For a whole host of intimate reasons that don't belong on this public blog, I have left trucking and am now back home in Chicago and again grappling with all the most important questions in life (it seems this grappling never ends).
What kind of life do I want to lead? Who am I? Who do I want to be?
First, there is always the shock of transitioning to a new kind of life, and this one was particularly shocking. So, I took some time to recover from the deep wounds and kind of allowed myself to flow in the tide of Chicago summer. I was ruled by moments of sunlight splashing my face and cool breezes on evening bike rides. Now, as the heat peaks, the whisper of summer's end is blowing gently through the moist treetops and reminding me to face reality.
Now what is reality, exactly? Is it any job at any cost? Is it just making money or finding something official to do with my time? I think it is more like learning to care for oneself fully. Practicing the art of being in the world. Managing the balance of your own expectations, beliefs, desires.

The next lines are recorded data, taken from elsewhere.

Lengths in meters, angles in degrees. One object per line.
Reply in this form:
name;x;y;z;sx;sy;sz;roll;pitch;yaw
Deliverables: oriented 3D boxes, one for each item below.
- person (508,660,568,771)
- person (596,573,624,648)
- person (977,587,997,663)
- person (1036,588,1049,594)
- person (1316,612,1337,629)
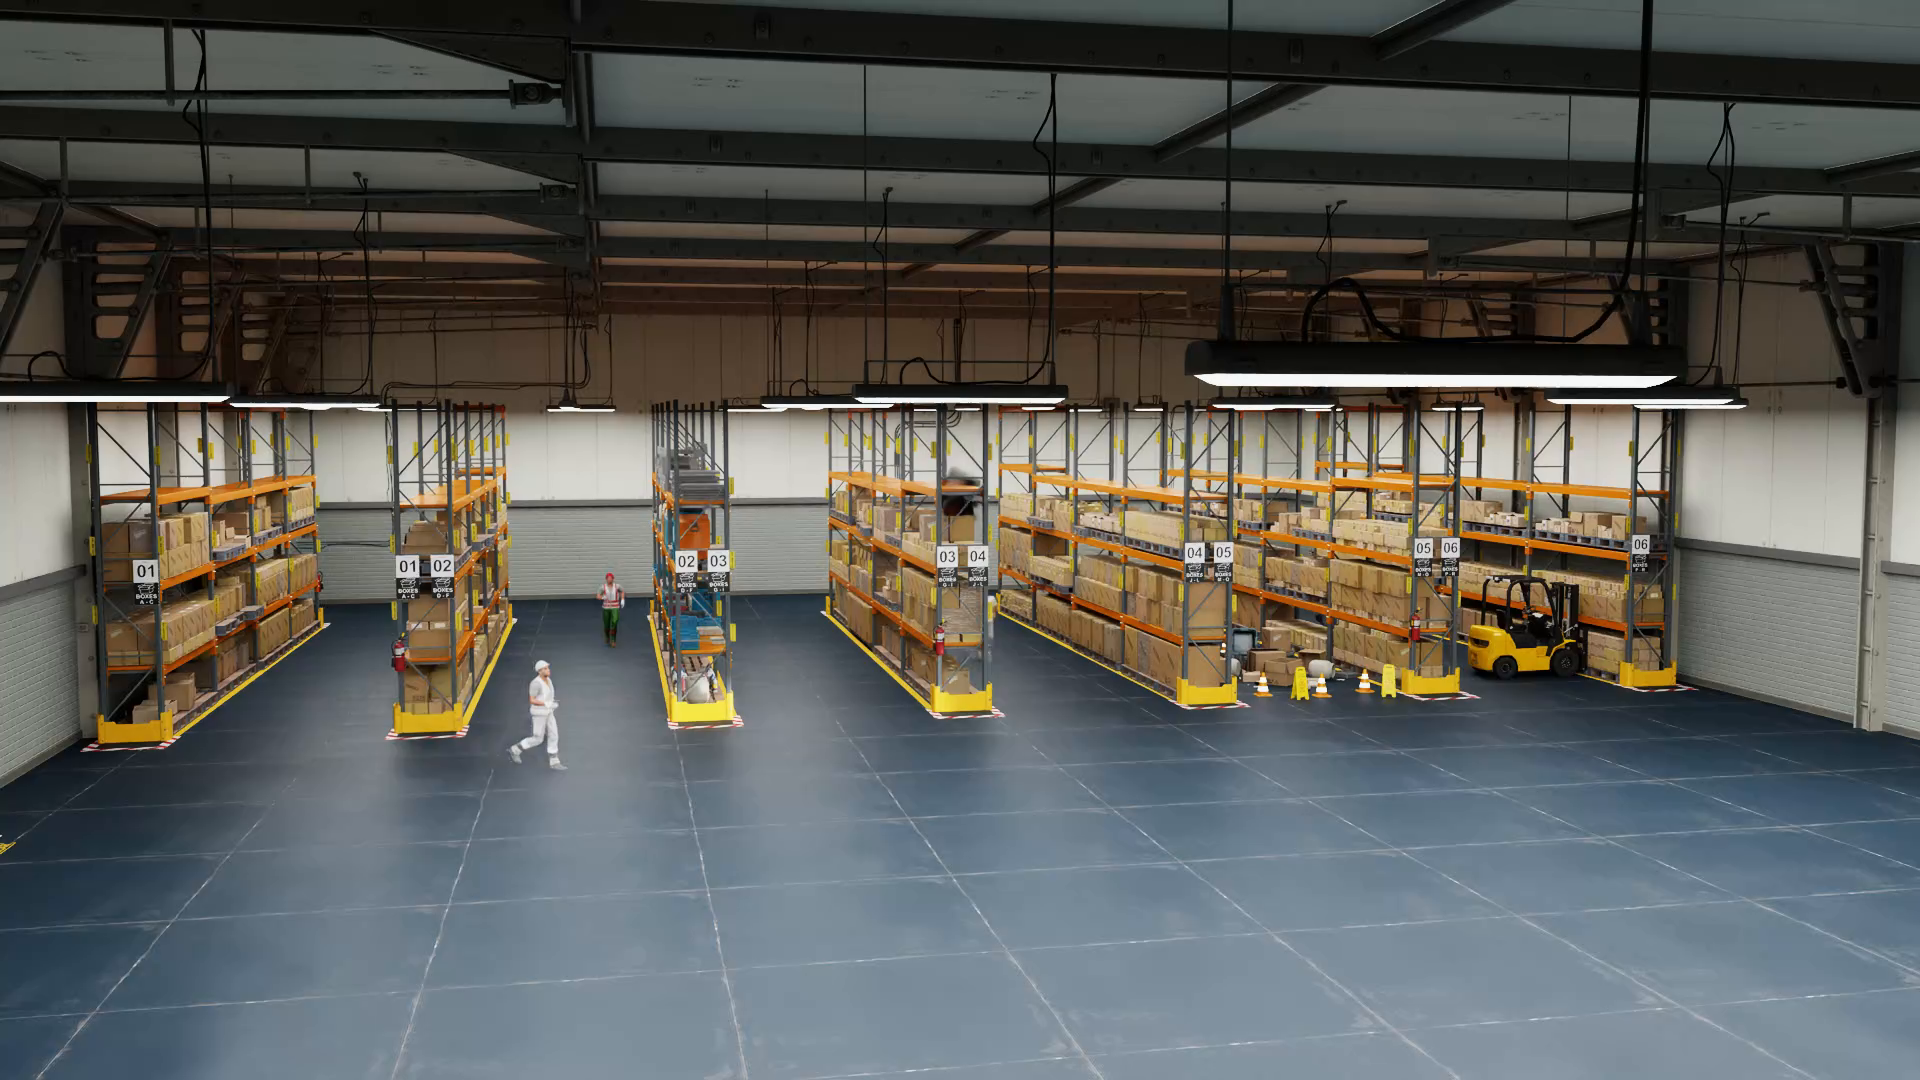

I am in the process of opening my mind to something new and learning - through trial and error - where exactly I belong. So, I attempted to get an office job through a temp agency to try out this world that so many of my peers are immersed in. I mean, they all seem to stick with their jobs, so it can't be that bad, right? Wrong. The moment I found myself under the sterile glow of fluorescent bulbs and shivering from the endlessly wasteful icy air conditioning, I knew I could not subject myself to this fishbowl of terror. The more I listened to my co-workers, the more I read between the tortured lines:
How are you today, honey?
Well, I'm getting better now that it's close to 5!
Heh, yep, I hear you girl.
I cannot count the number of times I heard, in just one week, a variation on this theme. Then why stay? Why are you doing this to yourself? Never subject yourself to consistent unhappiness if there is any other way. Break free. Take risks. Life is nothing more than an endless challenge to grow or die. Never choose death. Choose life.
So, I told them a horrible excuse, and then I quit. And the wheel of fortune spins on and on.